Due to the rapid development of image processor in recent years, the speed of matrix calculation has been greatly improved, which greatly reduces the calculation time of deep neural networks. It creates conditions for related scientific research, and makes deep learning technology make great progress in recent years. Deep learning uses deep neural networks to automatically extract image features and adaptively train data sets. It doesn’t need technicians to design specific feature extraction methods, but only needs to adjust the network structure to get better results. Chen et al. applied the improved convolution neural network LeftNet to the identification of tea pests and diseases, and the identification accuracy reached 90.16%. It is significantly superior to 60.62% of SVM and 70.77% of MLP, which proves the powerful effect of deep convolution neural network in the field of plant disease identification (Chen, Liu, and Gao 2019). In order to enhance the imbalanced data of nine tomato diseases, Nazki et al. proposed a new deep generative adversarial network AR-GAN based on GAN (Goodfellow et al. 2014). It made the accuracy of tomato disease identification increased from 80.9% to 86.1% (Nazki et al. 2020). Chen et al. pre-trained the VGGNet (Simonyan and Zisserman 2014) model on the large scale image tagging dataset ImageNet. The proposed model has significant performance improvements. Under complex background conditions, the average accuracy of rice disease identification reached 92%, which proved the important role of transfer learning in plant disease identification (Junde et al. 2020).
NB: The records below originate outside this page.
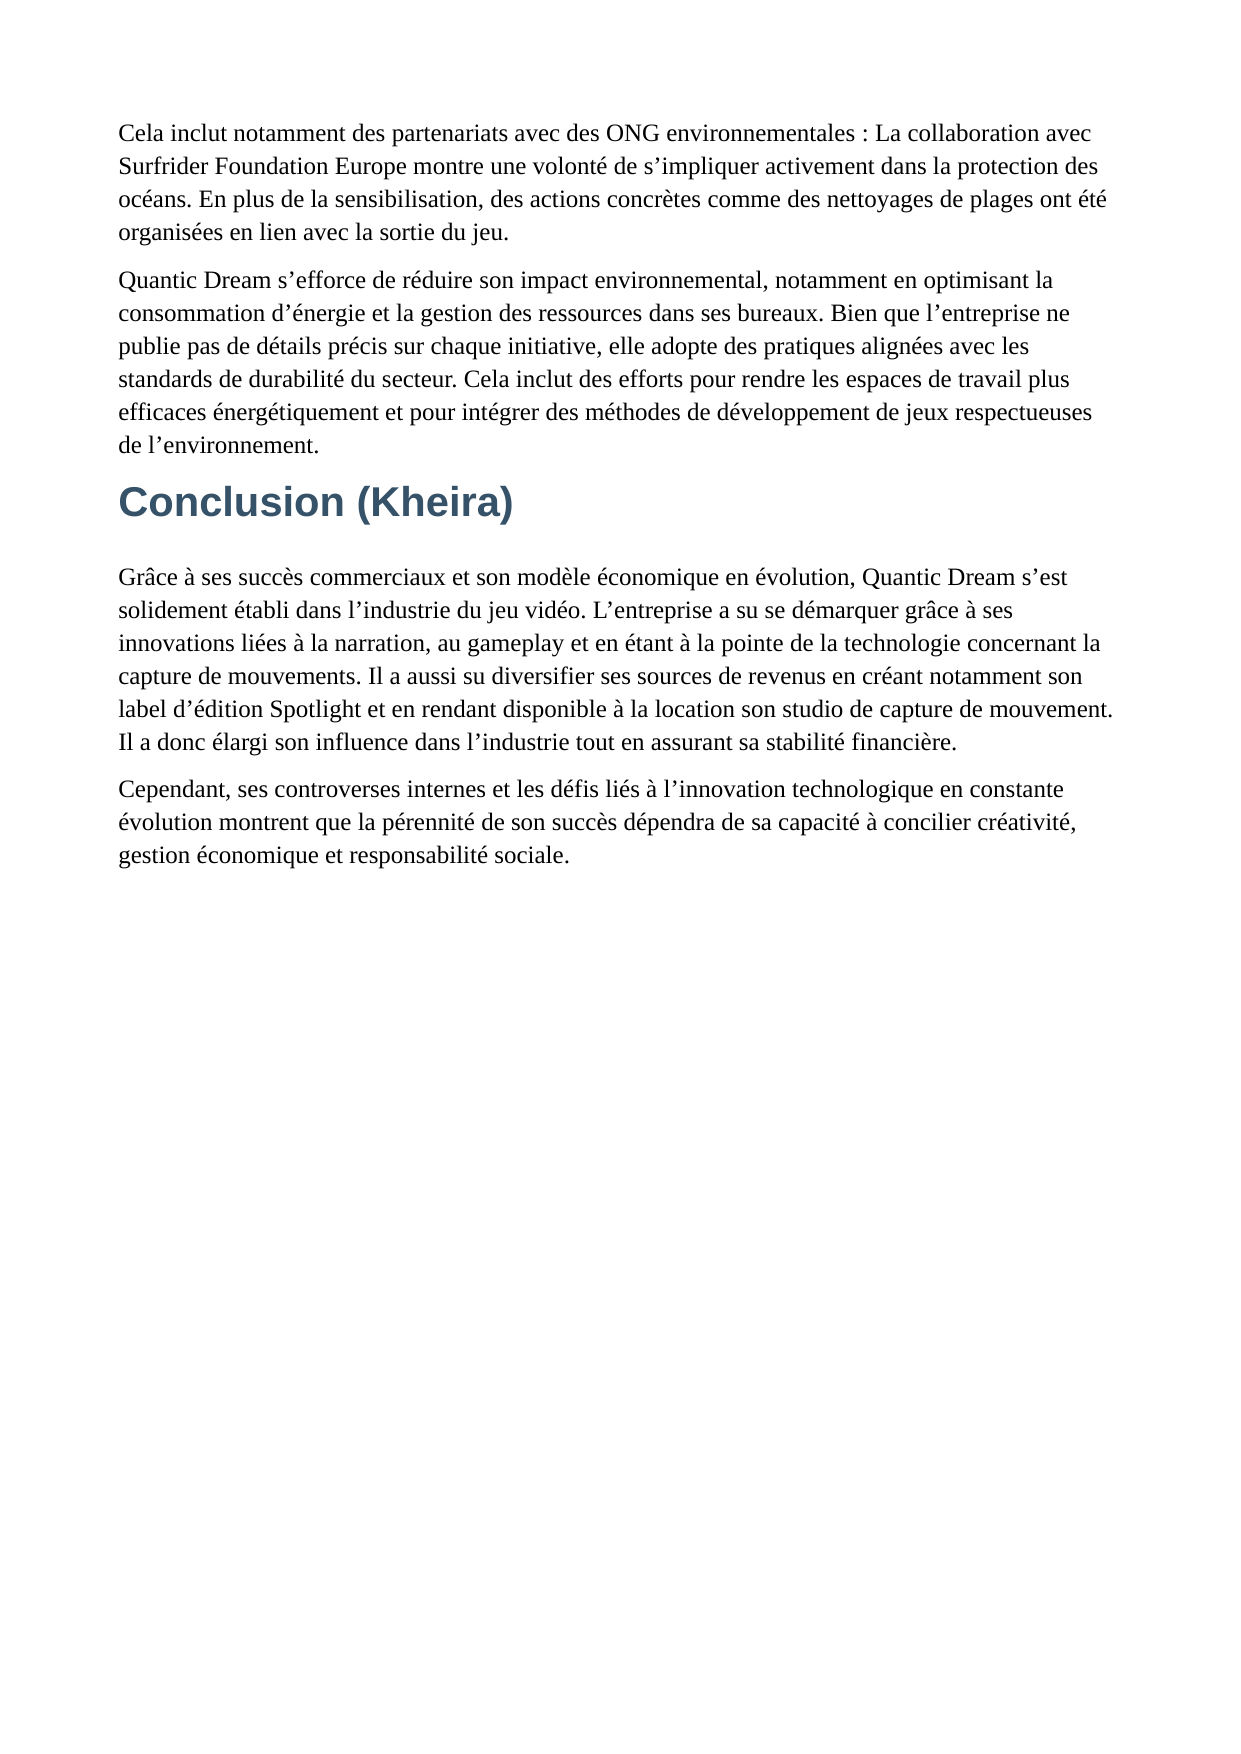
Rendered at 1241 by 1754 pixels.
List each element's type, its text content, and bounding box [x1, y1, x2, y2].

text Cela inclut notamment des partenariats avec des ONG environnementales : La collaboration avec Surfrider Foundation Europe montre une volonté de s’impliquer activement dans la protection des océans. En plus de la sensibilisation, des actions concrètes comme des nettoyages de plages ont été organisées en lien avec la sortie du jeu. [118, 118, 1122, 246]
subtitle Conclusion (Kheira) [118, 477, 1122, 525]
text Cependant, ses controverses internes et les défis liés à l’innovation technologique en constante évolution montrent que la pérennité de son succès dépendra de sa capacité à concilier créativité, gestion économique et responsabilité sociale. [118, 774, 1122, 869]
text Grâce à ses succès commerciaux et son modèle économique en évolution, Quantic Dream s’est solidement établi dans l’industrie du jeu vidéo. L’entreprise a su se démarquer grâce à ses innovations liées à la narration, au gameplay et en étant à la pointe de la technologie concernant la capture de mouvements. Il a aussi su diversifier ses sources de revenus en créant notamment son label d’édition Spotlight et en rendant disponible à la location son studio de capture de mouvement. Il a donc élargi son influence dans l’industrie tout en assurant sa stabilité financière. [118, 562, 1122, 756]
text Quantic Dream s’efforce de réduire son impact environnemental, notamment en optimisant la consommation d’énergie et la gestion des ressources dans ses bureaux. Bien que l’entreprise ne publie pas de détails précis sur chaque initiative, elle adopte des pratiques alignées avec les standards de durabilité du secteur. Cela inclut des efforts pour rendre les espaces de travail plus efficaces énergétiquement et pour intégrer des méthodes de développement de jeux respectueuses de l’environnement. [118, 265, 1122, 459]
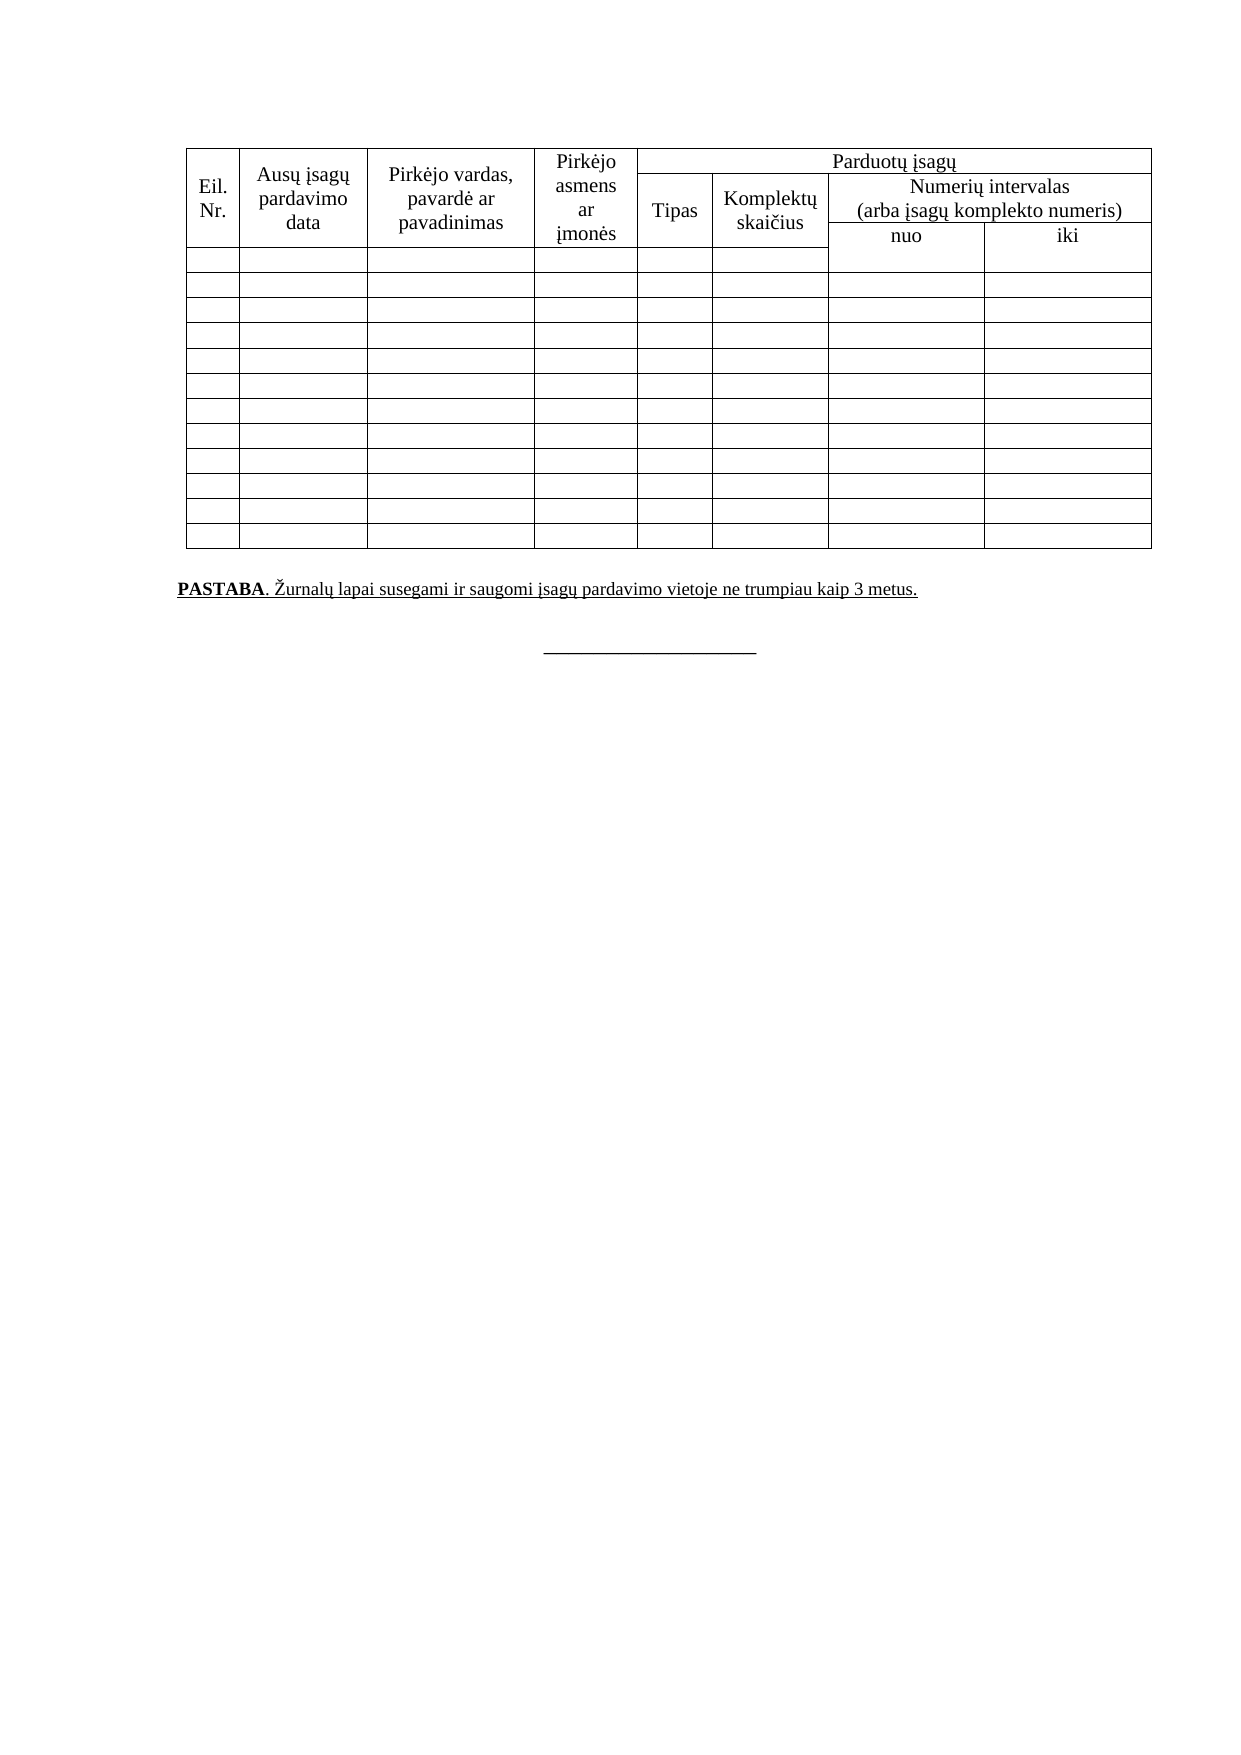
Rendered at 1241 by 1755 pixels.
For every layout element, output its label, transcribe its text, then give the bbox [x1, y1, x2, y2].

table_cell [535, 248, 637, 272]
table_cell [368, 374, 534, 398]
table_cell Numerių intervalas (arba įsagų komplekto numeris) [829, 174, 1151, 222]
table_cell [985, 399, 1151, 423]
table_cell [829, 349, 984, 372]
table_cell Komplektų skaičius [713, 174, 828, 247]
table_cell [829, 524, 984, 548]
table_cell [985, 298, 1151, 322]
table_cell [187, 298, 239, 322]
table_cell [985, 449, 1151, 473]
table_cell Tipas [638, 174, 712, 247]
table_cell [187, 399, 239, 423]
table_cell [713, 449, 828, 473]
table_cell [368, 349, 534, 372]
table_cell [368, 424, 534, 448]
table_cell [240, 349, 367, 372]
table_cell [187, 349, 239, 372]
table_cell [368, 399, 534, 423]
table_header Pirkėjo vardas, pavardė ar pavadinimas [368, 149, 534, 247]
table_cell [638, 474, 712, 498]
table_cell [187, 248, 239, 272]
table_cell [368, 248, 534, 272]
table_cell [638, 524, 712, 548]
table_cell [985, 499, 1151, 523]
table_cell [240, 399, 367, 423]
table_cell [535, 399, 637, 423]
table_cell [535, 474, 637, 498]
table_cell nuo [829, 223, 984, 247]
table_cell [713, 298, 828, 322]
table_cell [187, 424, 239, 448]
table_cell [713, 399, 828, 423]
table_header Pirkėjo asmens ar įmonės kodas [535, 149, 637, 247]
table_cell [535, 273, 637, 297]
table_cell [985, 424, 1151, 448]
table_cell [829, 474, 984, 498]
table_cell [368, 499, 534, 523]
table_cell [713, 273, 828, 297]
table_cell [368, 298, 534, 322]
table_cell [535, 524, 637, 548]
table_cell [240, 449, 367, 473]
table_cell [535, 323, 637, 347]
table_cell [368, 474, 534, 498]
table_cell [535, 424, 637, 448]
table_cell [638, 399, 712, 423]
table_cell [713, 424, 828, 448]
table_cell [829, 449, 984, 473]
table_cell [187, 374, 239, 398]
table_cell [638, 374, 712, 398]
table_cell [829, 273, 984, 297]
table_cell [187, 524, 239, 548]
text PASTABA. Žurnalų lapai susegami ir saugomi įsagų pardavimo vietoje ne trumpiau kaip 3 metus. [177, 578, 1122, 599]
table_cell [985, 524, 1151, 548]
table_cell [638, 298, 712, 322]
table_cell [829, 424, 984, 448]
table_cell [240, 323, 367, 347]
table_cell [713, 349, 828, 372]
table_cell [240, 499, 367, 523]
table_cell iki [985, 223, 1151, 247]
table_cell [187, 323, 239, 347]
table_cell [829, 399, 984, 423]
table_header Parduotų įsagų [638, 149, 1151, 173]
table_cell [985, 247, 1151, 272]
table_cell [985, 323, 1151, 347]
table_cell [240, 273, 367, 297]
table_cell [535, 298, 637, 322]
table_cell [638, 349, 712, 372]
table_cell [829, 374, 984, 398]
table_cell [187, 474, 239, 498]
table_cell [638, 499, 712, 523]
text _________________ [177, 628, 1122, 657]
table_cell [713, 323, 828, 347]
table_cell [535, 499, 637, 523]
table_cell [713, 524, 828, 548]
table_cell [985, 349, 1151, 372]
table_cell [638, 323, 712, 347]
table_cell [535, 374, 637, 398]
table_header Ausų įsagų pardavimo data [240, 149, 367, 247]
table_cell [638, 273, 712, 297]
table_cell [985, 273, 1151, 297]
table_cell [187, 449, 239, 473]
table_cell [713, 474, 828, 498]
table_cell [368, 449, 534, 473]
table_cell [985, 474, 1151, 498]
table_cell [829, 323, 984, 347]
table_cell [240, 424, 367, 448]
table_cell [535, 449, 637, 473]
table_cell [713, 248, 828, 272]
table_cell [713, 499, 828, 523]
table_cell [240, 374, 367, 398]
table_cell [240, 298, 367, 322]
table_cell [240, 524, 367, 548]
table_cell [829, 247, 984, 272]
table_header Eil. Nr. [187, 149, 239, 247]
table_cell [829, 499, 984, 523]
table_cell [985, 374, 1151, 398]
table_cell [638, 449, 712, 473]
table_cell [713, 374, 828, 398]
table_cell [535, 349, 637, 372]
table_cell [829, 298, 984, 322]
table_cell [368, 273, 534, 297]
table_cell [240, 474, 367, 498]
table_cell [187, 273, 239, 297]
table_cell [638, 424, 712, 448]
table_cell [368, 323, 534, 347]
table_cell [638, 248, 712, 272]
table_cell [187, 499, 239, 523]
table_cell [368, 524, 534, 548]
table_cell [240, 248, 367, 272]

Lu et al. designed a deep convolution neural network model to identify 10 common diseases on 500 images of diseased leaves and healthy stems of rice taken in experimental fields. Under the strategy of 10 times cross validation, the accuracy rate is much higher than that of traditional machine learning methods (Yang et al. 2017). Li et al. classified ginkgo leaf diseases into three levels: healthy, middle and severe. They were trained in laboratory and field conditions by using VGG16 and Inception V3 models, and finally the recognition accuracy reached 93.2% in field conditions (Li et al. 2020).

With the increasing amount and complexity of plant disease image data, the plant disease identification methods based on image processing technology and traditional machine learning can no longer meet the task requirements. The plant disease identification method based on deep learning has the advantages of automation, rapidness, accuracy and strong adaptability. It has become the mainstream research object of modern plant disease identification. However, deep learning methods are mostly used to solve the classification problems of different diseases, and there are few studies on the identification of different disease with different degrees.

Contrastive learning originated in 1990s, but it has gained great success in the field of computer vision in recent two years. Therefore, it has been widely concerned and become a research hotspot in the field of artificial intelligence. Kaiming He et al. proposed an efficient contrastive learning model, Momentum Contrast, MoCo), by constructing a dynamic dictionary with queue and moving average encoder from the perspective of dictionary search. In seven downstream tasks, the representation learned by MoCo is even better than other supervised pre-training models (Kaiming et al. 2020). Ting Chen et al. proposed a simple and efficient contrastive learning framework for image feature extraction. First, the positive samples are expanded by data enhancement, and other data of the same training batch are used as the negative samples. By calculating the similarity between positive samples and negative samples, a reasonable loss function is constructed. The goal is to increase the similarity between positive samples and decrease the similarity between negative samples. The model improves the accuracy of top-1 by 7% on ImageNet data set. This simple and efficient contrastive learning framework has become the basis of many subsequent contrastive learning models (Chen et al. 2020). Prannay Khosla et al. put forward a supervised contrastive learning framework, which uses labeled data sets for pre-training. It takes the same kind of data as positive samples, and takes different kinds of data as negative samples to further distinguish the same training batch. Positive and negative samples can be effectively labeled, while improving the accuracy of identification (Khosla et al. 2020). Although contrastive learning appears in the field of computer vision, it has also achieved good results in the field of natural language processing. The ConSERT model was put forward by Yan et al. referring to SimCLR model, but Bert (Devlin et al. 2018) was used instead of ResNet and the projection head was removed. Compared with the previous model, using ConSERT model on STS data set is improved by 8% (Yan et al. 2021). It proves that the idea of contrastive learning is universally applicable and can achieve better results in various tasks in various fields.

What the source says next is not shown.